The task — One exact copy of the listing, minus the images, is the required answer.

### Data excerpts

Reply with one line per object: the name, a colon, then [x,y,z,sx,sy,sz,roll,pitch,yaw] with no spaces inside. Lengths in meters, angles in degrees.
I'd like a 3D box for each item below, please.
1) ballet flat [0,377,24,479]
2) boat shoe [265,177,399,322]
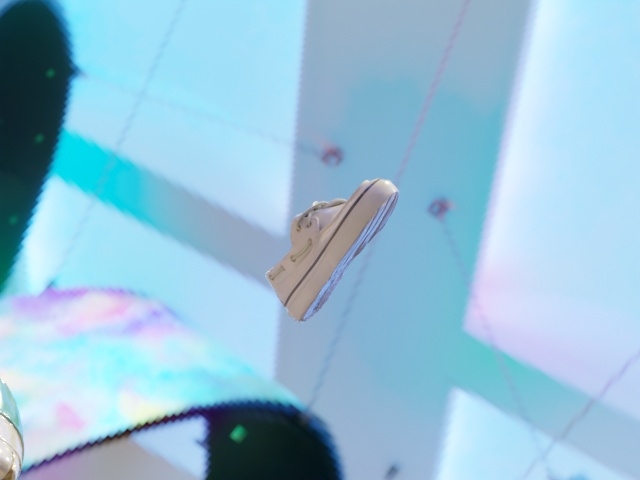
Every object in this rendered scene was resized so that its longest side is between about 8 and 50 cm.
ballet flat: [-0.265,0.200,1.417,0.083,0.247,0.087,32,-35,-27]
boat shoe: [0.000,0.000,1.937,0.076,0.083,0.226,44,-46,9]
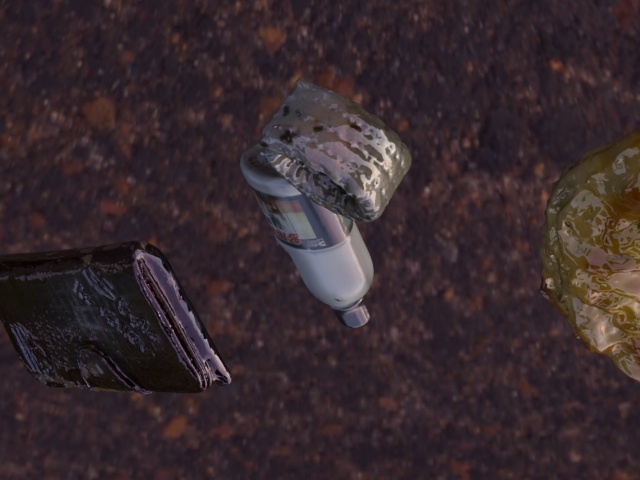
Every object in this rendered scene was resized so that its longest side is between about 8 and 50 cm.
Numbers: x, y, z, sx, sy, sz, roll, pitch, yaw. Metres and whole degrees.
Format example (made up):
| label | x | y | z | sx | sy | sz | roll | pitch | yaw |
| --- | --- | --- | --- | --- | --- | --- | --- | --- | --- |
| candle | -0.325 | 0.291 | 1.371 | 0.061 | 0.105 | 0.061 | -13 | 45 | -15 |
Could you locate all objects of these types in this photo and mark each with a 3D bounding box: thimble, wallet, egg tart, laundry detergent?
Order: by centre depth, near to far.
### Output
| label | x | y | z | sx | sy | sz | roll | pitch | yaw |
| --- | --- | --- | --- | --- | --- | --- | --- | --- | --- |
| egg tart | 0.291 | 0.014 | 0.809 | 0.341 | 0.129 | 0.341 | 20 | 155 | 10 |
| wallet | -0.166 | 0.060 | 1.005 | 0.232 | 0.031 | 0.122 | -6 | 115 | 48 |
| thimble | 0.010 | -0.065 | 1.017 | 0.110 | 0.084 | 0.062 | 37 | 73 | -24 |
| laundry detergent | 0.000 | 0.000 | 1.371 | 0.099 | 0.070 | 0.226 | 13 | 143 | 39 |
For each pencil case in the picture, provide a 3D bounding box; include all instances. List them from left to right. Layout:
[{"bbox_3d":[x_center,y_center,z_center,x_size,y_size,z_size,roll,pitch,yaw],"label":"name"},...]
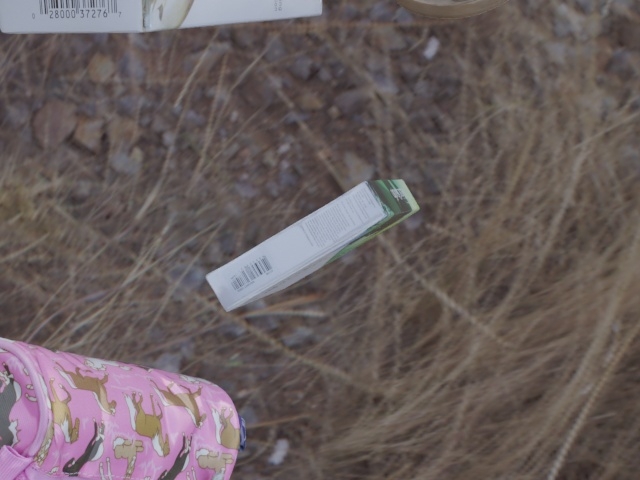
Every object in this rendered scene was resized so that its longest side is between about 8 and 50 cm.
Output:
[{"bbox_3d":[-0.239,0.204,1.472,0.386,0.167,0.160,23,80,-58],"label":"pencil case"}]

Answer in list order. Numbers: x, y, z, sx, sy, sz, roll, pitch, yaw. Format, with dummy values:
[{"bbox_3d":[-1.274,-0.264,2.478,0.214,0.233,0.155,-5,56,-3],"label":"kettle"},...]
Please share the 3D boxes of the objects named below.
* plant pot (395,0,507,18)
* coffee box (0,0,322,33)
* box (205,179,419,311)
[{"bbox_3d":[0.187,-0.431,1.921,0.237,0.109,0.237,-8,58,14],"label":"plant pot"},{"bbox_3d":[-0.097,-0.272,0.793,0.168,0.119,0.297,-17,108,-53],"label":"coffee box"},{"bbox_3d":[0.000,0.000,1.798,0.232,0.322,0.058,-30,88,12],"label":"box"}]
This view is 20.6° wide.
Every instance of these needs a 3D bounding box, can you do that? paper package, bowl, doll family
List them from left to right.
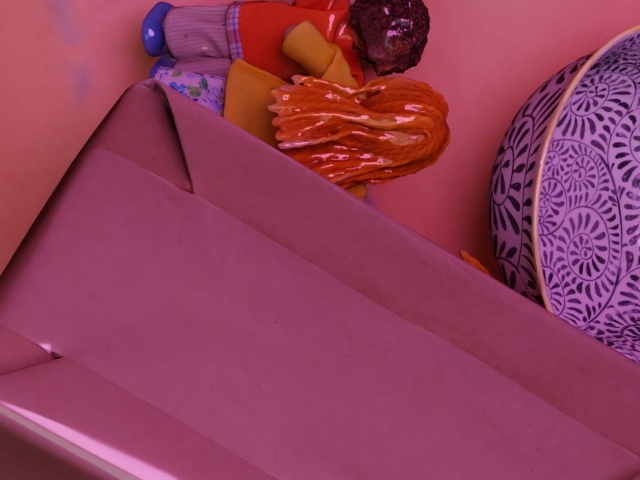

######

Response area —
Reply with one line per object: the name, a colon, then [x,y,z,sx,sy,sz,roll,pitch,yaw] with no spaces inside. Lengths in meters, angles in degrees.
I'd like a 3D box for each item below, please.
1) ballet flat [0,377,24,479]
2) boat shoe [265,177,399,322]
Every object in this rendered scene was resized so that its longest side is between about 8 and 50 cm.
ballet flat: [-0.265,0.200,1.417,0.083,0.247,0.087,32,-35,-27]
boat shoe: [0.000,0.000,1.937,0.076,0.083,0.226,44,-46,9]
Every object in this rendered scene was resized so that its longest side is between about 8 and 50 cm.
Numbers: x, y, z, sx, sy, sz, roll, pitch, yaw. Metres and whole degrees.
Format example (made up):
| label | x | y | z | sx | sy | sz | roll | pitch | yaw |
| --- | --- | --- | --- | --- | --- | --- | --- | --- | --- |
| candle | -0.325 | 0.291 | 1.371 | 0.061 | 0.105 | 0.061 | -13 | 45 | -15 |
Could you locate all objects of these types in this photo and mark each with a 3D bounding box: thimble, wallet, egg tart, laundry detergent?
Order: by centre depth, near to far.
### Output
| label | x | y | z | sx | sy | sz | roll | pitch | yaw |
| --- | --- | --- | --- | --- | --- | --- | --- | --- | --- |
| egg tart | 0.291 | 0.014 | 0.809 | 0.341 | 0.129 | 0.341 | 20 | 155 | 10 |
| wallet | -0.166 | 0.060 | 1.005 | 0.232 | 0.031 | 0.122 | -6 | 115 | 48 |
| thimble | 0.010 | -0.065 | 1.017 | 0.110 | 0.084 | 0.062 | 37 | 73 | -24 |
| laundry detergent | 0.000 | 0.000 | 1.371 | 0.099 | 0.070 | 0.226 | 13 | 143 | 39 |
For each pencil case in the picture, provide a 3D bounding box; include all instances. List them from left to right. Layout:
[{"bbox_3d":[x_center,y_center,z_center,x_size,y_size,z_size,roll,pitch,yaw],"label":"name"},...]
Every object in this rendered scene was resized so that its longest side is between about 8 and 50 cm.
Output:
[{"bbox_3d":[-0.239,0.204,1.472,0.386,0.167,0.160,23,80,-58],"label":"pencil case"}]

Answer in list order. Numbers: x, y, z, sx, sy, sz, roll, pitch, yaw. Format, with dummy values:
[{"bbox_3d":[-1.274,-0.264,2.478,0.214,0.233,0.155,-5,56,-3],"label":"kettle"},...]
Please share the 3D boxes of the objects named below.
* plant pot (395,0,507,18)
* coffee box (0,0,322,33)
* box (205,179,419,311)
[{"bbox_3d":[0.187,-0.431,1.921,0.237,0.109,0.237,-8,58,14],"label":"plant pot"},{"bbox_3d":[-0.097,-0.272,0.793,0.168,0.119,0.297,-17,108,-53],"label":"coffee box"},{"bbox_3d":[0.000,0.000,1.798,0.232,0.322,0.058,-30,88,12],"label":"box"}]
This view is 20.6° wide.
Every instance of these needs a 3D bounding box, can you do that? paper package, bowl, doll family
List them from left to right.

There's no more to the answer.